Although Robusta production has been lower than in 22/23, several batches are arriving at the market – as well as of Arabica, says Cepea in its latest report.

Despite higher coffee supply, liquidity was low in July, since farmers are not satisfied with the current prices, selling coffee only when quotations rise – to pay for crop expenses. Cepea collaborators reported that deals for exports were low in July too.

The monthly average prices for both Arabica and Robusta coffee decreased steeply in July. For arabica, the CEPEA/ESALQ Index for arabica coffee type 6, delivered to São Paulo city, averaged BRL 819.61 per 60-kg bag last month, 11.8% down (nearly 110 Reais/bag) from that in June.

For robusta coffee, the CEPEA/ESALQ Index (Espírito Santo) for the type 6, screen 13, closed at BRL 649.29/bag, 8.07% down (56.97 Reais/bag) in the same comparison.

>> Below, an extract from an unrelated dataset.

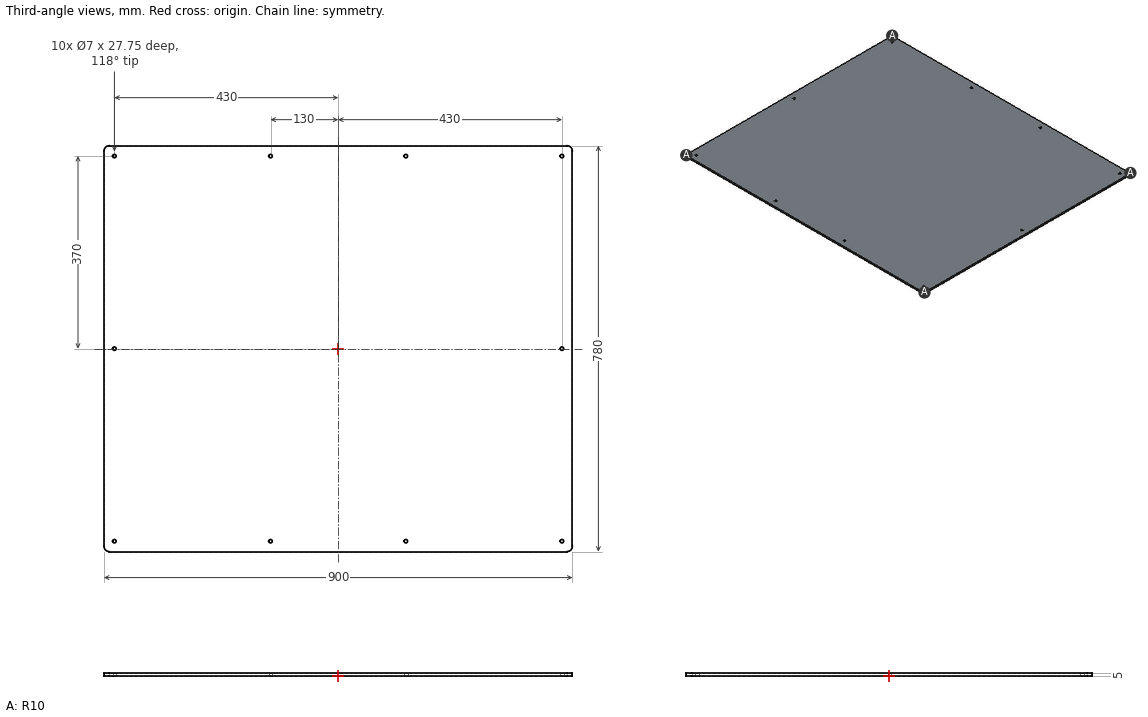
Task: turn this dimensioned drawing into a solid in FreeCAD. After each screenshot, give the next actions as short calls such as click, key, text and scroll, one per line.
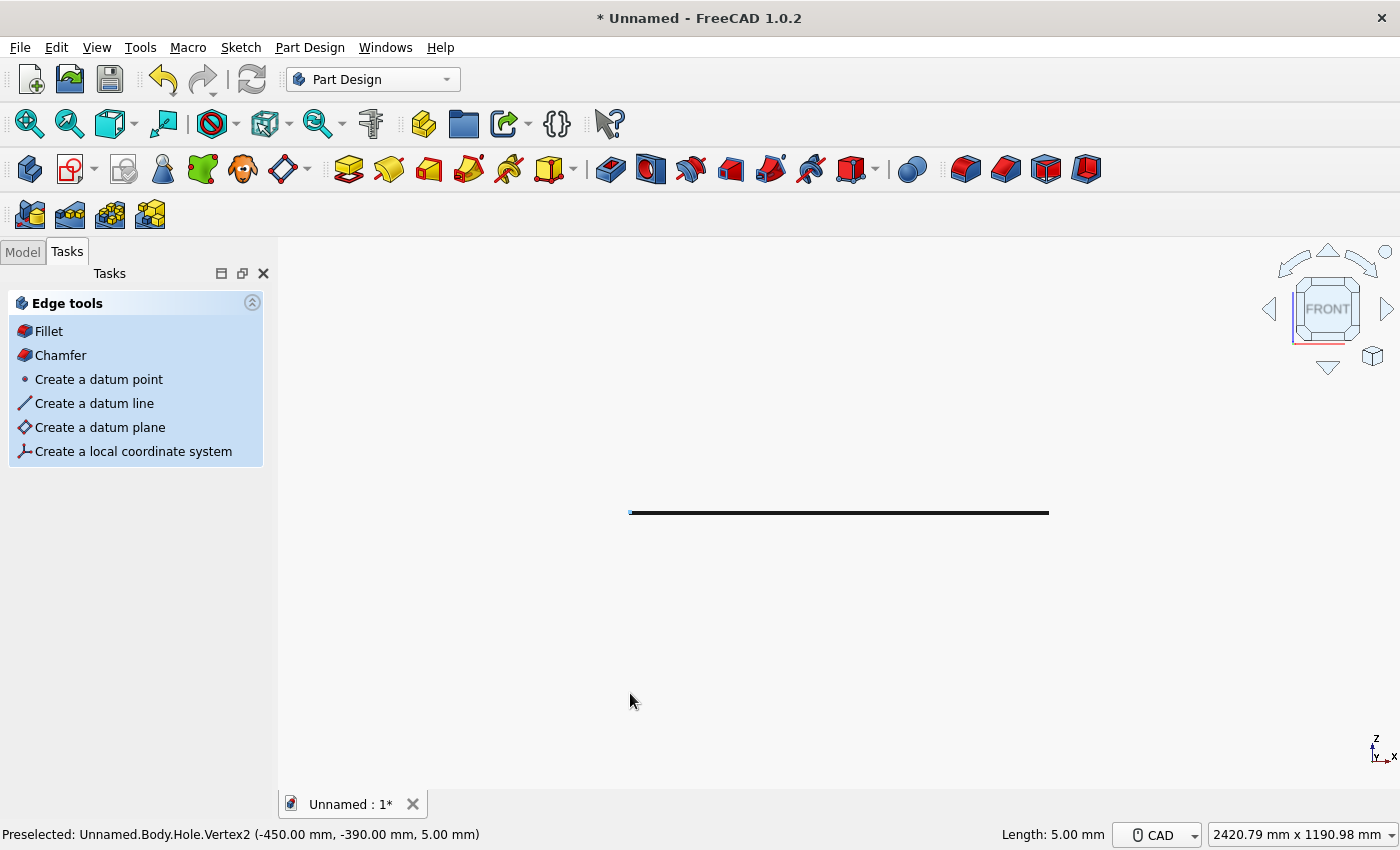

These averages are the lowest since April 2021 for arabica and since March 2023 for robusta, in real terms (values were deflated by the IGP-DI from Jun/23). For arabica, pressure on quotations came from both the progress of the harvesting in Brazil and perspectives for high supply in the short term. This scenario is also influencing robusta prices, despite the lower output in Espírito Santo (ES), the top robusta-producing state in Brazil.

Robusta devaluations were not as steep because of the confirmed crop failure in ES, where the season is ending. On the other hand, for arabica, activities are in progress, and higher volumes of higher-quality coffee is arriving at coffee roasters.

The weather favored crop activities most of July. In the current season, sporadic cases of pests and diseases have been reported in some regions, concludes the report.